Data entries

***

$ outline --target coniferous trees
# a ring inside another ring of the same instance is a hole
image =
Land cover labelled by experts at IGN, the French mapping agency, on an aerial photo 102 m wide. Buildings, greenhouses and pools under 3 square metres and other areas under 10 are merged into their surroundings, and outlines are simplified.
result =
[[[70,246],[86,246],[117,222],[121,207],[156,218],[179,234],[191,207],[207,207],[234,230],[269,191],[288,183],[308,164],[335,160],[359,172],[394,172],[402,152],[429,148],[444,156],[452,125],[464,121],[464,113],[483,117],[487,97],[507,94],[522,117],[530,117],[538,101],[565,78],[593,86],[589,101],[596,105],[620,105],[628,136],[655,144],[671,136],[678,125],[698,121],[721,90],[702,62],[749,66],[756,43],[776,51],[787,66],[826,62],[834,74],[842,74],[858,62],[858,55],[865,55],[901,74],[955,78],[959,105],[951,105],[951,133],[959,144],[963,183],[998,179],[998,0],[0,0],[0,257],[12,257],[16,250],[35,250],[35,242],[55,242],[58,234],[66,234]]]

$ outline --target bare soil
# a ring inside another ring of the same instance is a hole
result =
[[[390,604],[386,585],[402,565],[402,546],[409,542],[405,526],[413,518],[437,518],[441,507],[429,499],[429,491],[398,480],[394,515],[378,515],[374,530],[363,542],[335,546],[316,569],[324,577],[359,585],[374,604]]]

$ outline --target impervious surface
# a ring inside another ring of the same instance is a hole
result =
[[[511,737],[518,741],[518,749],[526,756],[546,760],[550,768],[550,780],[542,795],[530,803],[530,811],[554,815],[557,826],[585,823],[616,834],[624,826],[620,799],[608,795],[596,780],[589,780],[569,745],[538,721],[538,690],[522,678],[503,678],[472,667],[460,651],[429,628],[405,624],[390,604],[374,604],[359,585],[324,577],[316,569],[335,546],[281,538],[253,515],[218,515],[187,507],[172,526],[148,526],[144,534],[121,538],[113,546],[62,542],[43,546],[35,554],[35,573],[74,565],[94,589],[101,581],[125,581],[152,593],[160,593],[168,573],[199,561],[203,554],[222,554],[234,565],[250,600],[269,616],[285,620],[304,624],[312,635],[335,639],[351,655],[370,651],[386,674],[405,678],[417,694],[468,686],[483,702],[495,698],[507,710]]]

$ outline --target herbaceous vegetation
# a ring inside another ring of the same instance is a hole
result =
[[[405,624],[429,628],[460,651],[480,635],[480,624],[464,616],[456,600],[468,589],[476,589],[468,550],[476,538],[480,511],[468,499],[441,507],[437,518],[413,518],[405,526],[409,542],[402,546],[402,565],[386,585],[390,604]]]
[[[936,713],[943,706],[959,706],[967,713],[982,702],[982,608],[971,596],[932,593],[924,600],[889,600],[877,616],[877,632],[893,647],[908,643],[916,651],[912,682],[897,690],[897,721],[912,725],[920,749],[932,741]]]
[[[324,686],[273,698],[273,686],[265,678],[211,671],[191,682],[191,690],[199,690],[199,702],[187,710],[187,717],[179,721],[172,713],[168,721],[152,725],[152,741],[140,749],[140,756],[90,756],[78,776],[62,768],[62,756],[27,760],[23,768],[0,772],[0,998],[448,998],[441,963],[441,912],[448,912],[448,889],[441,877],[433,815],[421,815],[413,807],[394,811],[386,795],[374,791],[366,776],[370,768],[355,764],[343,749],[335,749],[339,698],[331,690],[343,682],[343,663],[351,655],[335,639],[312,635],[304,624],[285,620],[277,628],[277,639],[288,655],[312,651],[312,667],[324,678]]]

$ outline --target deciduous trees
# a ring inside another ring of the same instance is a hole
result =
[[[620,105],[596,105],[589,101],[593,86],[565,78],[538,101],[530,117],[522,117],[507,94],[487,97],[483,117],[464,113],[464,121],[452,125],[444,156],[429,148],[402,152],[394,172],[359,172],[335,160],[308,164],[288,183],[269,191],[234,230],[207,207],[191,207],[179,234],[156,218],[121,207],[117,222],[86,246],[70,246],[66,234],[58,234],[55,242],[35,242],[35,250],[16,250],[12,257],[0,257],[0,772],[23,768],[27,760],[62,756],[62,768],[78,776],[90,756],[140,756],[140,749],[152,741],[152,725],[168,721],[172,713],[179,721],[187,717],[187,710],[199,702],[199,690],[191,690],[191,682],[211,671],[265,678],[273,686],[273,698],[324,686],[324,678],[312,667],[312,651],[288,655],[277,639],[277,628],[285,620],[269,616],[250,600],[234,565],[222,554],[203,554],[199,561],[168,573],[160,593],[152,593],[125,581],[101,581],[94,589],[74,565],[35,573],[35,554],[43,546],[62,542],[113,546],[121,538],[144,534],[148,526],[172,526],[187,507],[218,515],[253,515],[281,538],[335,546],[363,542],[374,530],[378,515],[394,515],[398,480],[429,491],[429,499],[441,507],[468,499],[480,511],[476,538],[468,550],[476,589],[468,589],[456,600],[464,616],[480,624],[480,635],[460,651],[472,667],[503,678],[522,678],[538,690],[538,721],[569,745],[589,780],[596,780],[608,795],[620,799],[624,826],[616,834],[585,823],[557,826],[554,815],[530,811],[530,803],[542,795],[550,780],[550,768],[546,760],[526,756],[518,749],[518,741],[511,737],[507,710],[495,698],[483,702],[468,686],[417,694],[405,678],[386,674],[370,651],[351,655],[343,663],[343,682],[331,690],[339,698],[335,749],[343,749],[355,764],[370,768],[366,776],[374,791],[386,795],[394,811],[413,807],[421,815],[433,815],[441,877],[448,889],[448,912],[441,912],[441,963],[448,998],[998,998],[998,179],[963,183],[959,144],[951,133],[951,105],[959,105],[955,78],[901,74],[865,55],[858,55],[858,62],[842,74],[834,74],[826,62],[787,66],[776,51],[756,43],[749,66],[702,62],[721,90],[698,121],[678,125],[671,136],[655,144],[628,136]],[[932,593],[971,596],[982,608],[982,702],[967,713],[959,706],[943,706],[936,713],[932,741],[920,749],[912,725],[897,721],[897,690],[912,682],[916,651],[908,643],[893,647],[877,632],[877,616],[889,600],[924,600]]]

***

• _WHAT TO WORK ON_
Each line from the top of the records above through the line containing "Land cover labelled" needs to be transcribed exactly, and no line after it.

• _TASK RESPONSE_
$ outline --target coniferous trees
# a ring inside another ring of the same instance is a hole
image =
Land cover labelled by experts at IGN, the French mapping agency, on an aerial photo 102 m wide. Buildings, greenhouses and pools under 3 square metres and other areas under 10 are merged into their surroundings, and outlines are simplified.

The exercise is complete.